*** Opening of Extracted entries ***
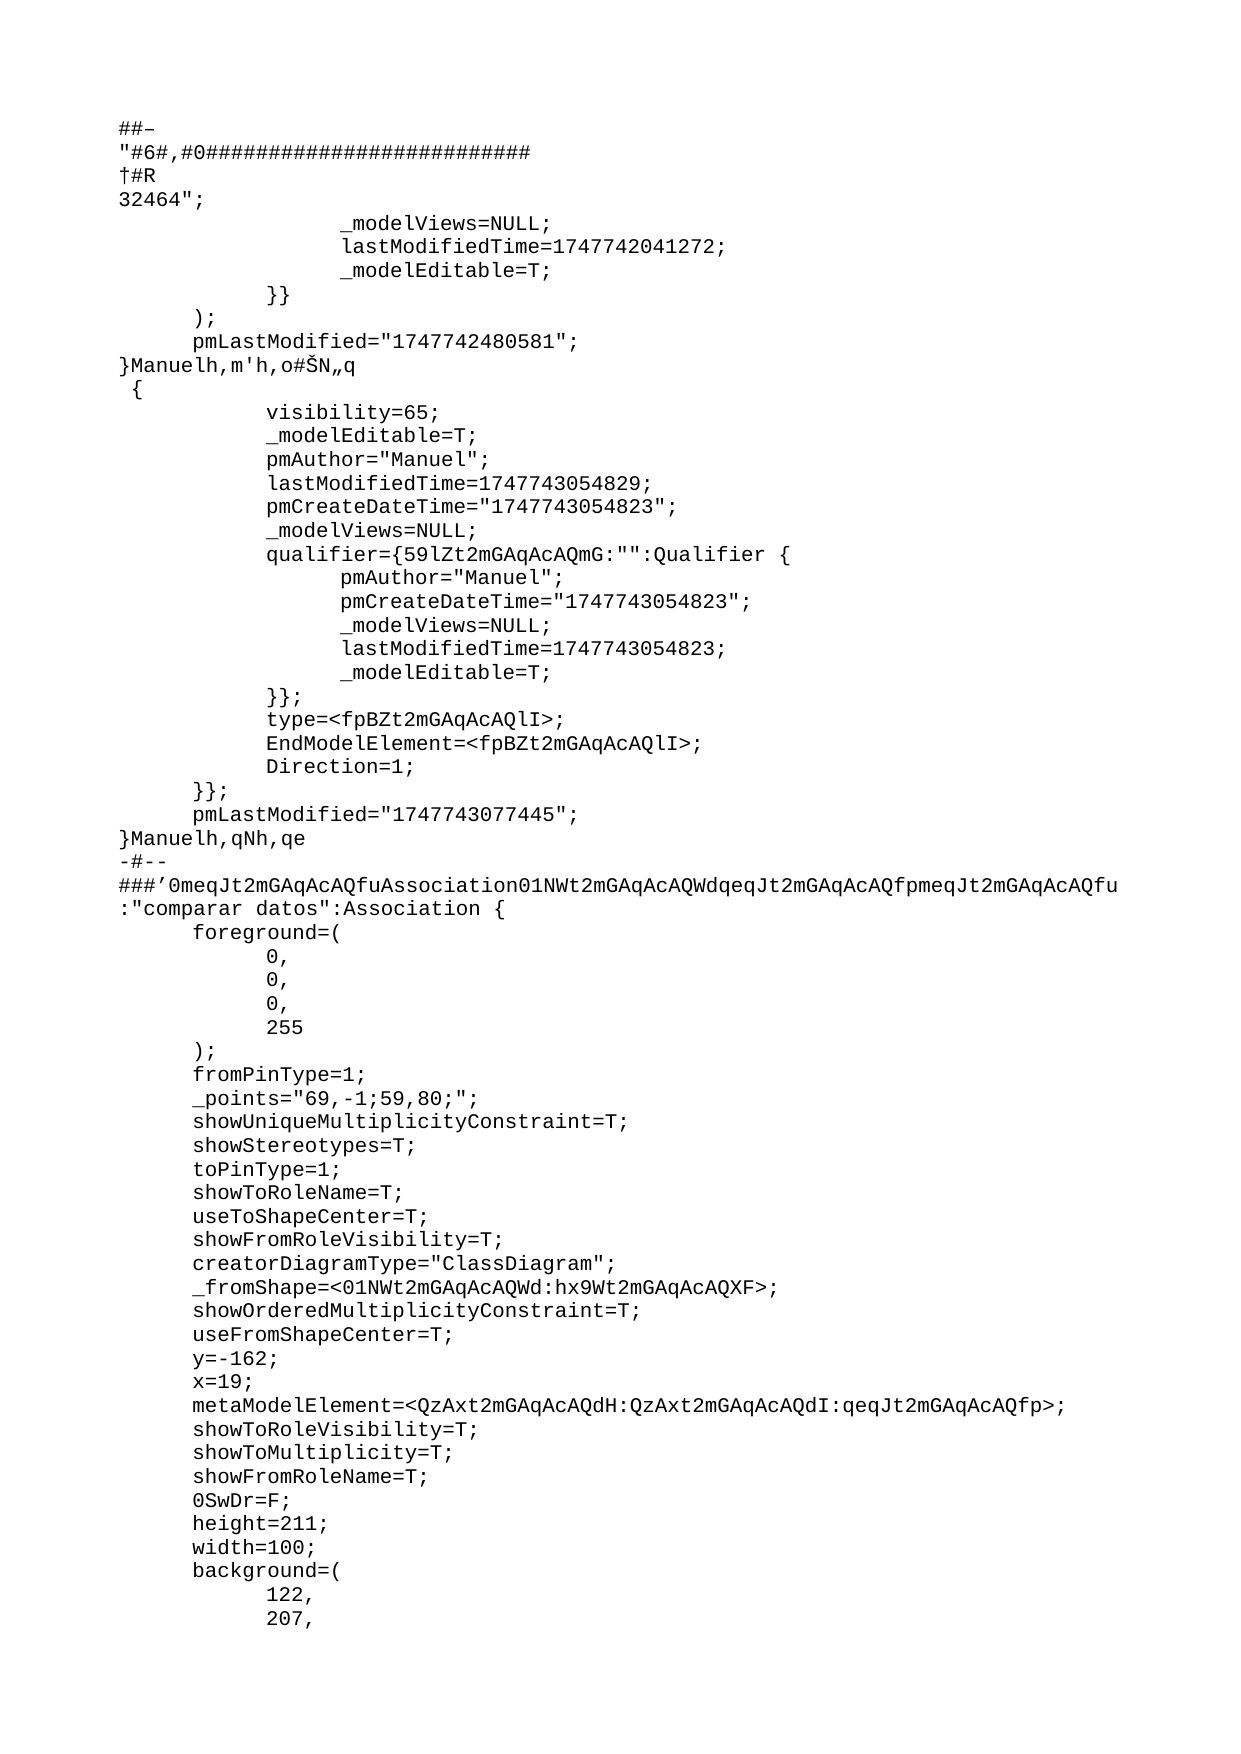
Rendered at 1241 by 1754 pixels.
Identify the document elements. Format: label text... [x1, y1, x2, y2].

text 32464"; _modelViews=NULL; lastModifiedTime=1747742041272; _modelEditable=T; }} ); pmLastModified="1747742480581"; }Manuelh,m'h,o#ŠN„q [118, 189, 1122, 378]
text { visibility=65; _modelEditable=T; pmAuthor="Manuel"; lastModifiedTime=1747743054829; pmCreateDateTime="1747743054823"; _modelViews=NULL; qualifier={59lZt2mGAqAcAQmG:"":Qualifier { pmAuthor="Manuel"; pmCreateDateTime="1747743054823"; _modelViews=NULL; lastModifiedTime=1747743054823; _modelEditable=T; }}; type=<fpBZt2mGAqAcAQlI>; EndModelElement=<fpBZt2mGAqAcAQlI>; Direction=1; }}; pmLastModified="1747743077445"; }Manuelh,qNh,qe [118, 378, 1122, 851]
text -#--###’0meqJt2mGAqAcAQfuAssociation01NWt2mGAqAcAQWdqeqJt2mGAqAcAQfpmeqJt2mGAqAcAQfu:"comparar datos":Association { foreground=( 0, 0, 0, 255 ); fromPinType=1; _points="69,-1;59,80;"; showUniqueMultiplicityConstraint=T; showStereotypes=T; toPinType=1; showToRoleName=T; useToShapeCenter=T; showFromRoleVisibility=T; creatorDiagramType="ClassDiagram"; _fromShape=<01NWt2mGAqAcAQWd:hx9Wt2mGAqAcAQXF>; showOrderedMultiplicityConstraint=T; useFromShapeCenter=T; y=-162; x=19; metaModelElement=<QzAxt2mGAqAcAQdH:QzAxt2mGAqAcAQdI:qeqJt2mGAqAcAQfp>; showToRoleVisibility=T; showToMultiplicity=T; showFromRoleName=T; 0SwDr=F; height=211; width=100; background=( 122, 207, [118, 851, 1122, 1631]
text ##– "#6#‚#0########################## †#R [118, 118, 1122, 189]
*** Close of Extracted entries ***
Task directions: This task calls for the listing to be restated exactly, with images omitted.

Task answer:
Rendered at 1241 by 1754 pixels.
Identify the document elements. Format: label text... [x1, y1, x2, y2].

text 32464"; _modelViews=NULL; lastModifiedTime=1747742041272; _modelEditable=T; }} ); pmLastModified="1747742480581"; }Manuelh,m'h,o#ŠN„q [118, 189, 1122, 378]
text { visibility=65; _modelEditable=T; pmAuthor="Manuel"; lastModifiedTime=1747743054829; pmCreateDateTime="1747743054823"; _modelViews=NULL; qualifier={59lZt2mGAqAcAQmG:"":Qualifier { pmAuthor="Manuel"; pmCreateDateTime="1747743054823"; _modelViews=NULL; lastModifiedTime=1747743054823; _modelEditable=T; }}; type=<fpBZt2mGAqAcAQlI>; EndModelElement=<fpBZt2mGAqAcAQlI>; Direction=1; }}; pmLastModified="1747743077445"; }Manuelh,qNh,qe [118, 378, 1122, 851]
text -#--###’0meqJt2mGAqAcAQfuAssociation01NWt2mGAqAcAQWdqeqJt2mGAqAcAQfpmeqJt2mGAqAcAQfu:"comparar datos":Association { foreground=( 0, 0, 0, 255 ); fromPinType=1; _points="69,-1;59,80;"; showUniqueMultiplicityConstraint=T; showStereotypes=T; toPinType=1; showToRoleName=T; useToShapeCenter=T; showFromRoleVisibility=T; creatorDiagramType="ClassDiagram"; _fromShape=<01NWt2mGAqAcAQWd:hx9Wt2mGAqAcAQXF>; showOrderedMultiplicityConstraint=T; useFromShapeCenter=T; y=-162; x=19; metaModelElement=<QzAxt2mGAqAcAQdH:QzAxt2mGAqAcAQdI:qeqJt2mGAqAcAQfp>; showToRoleVisibility=T; showToMultiplicity=T; showFromRoleName=T; 0SwDr=F; height=211; width=100; background=( 122, 207, [118, 851, 1122, 1631]
text ##– "#6#‚#0########################## †#R [118, 118, 1122, 189]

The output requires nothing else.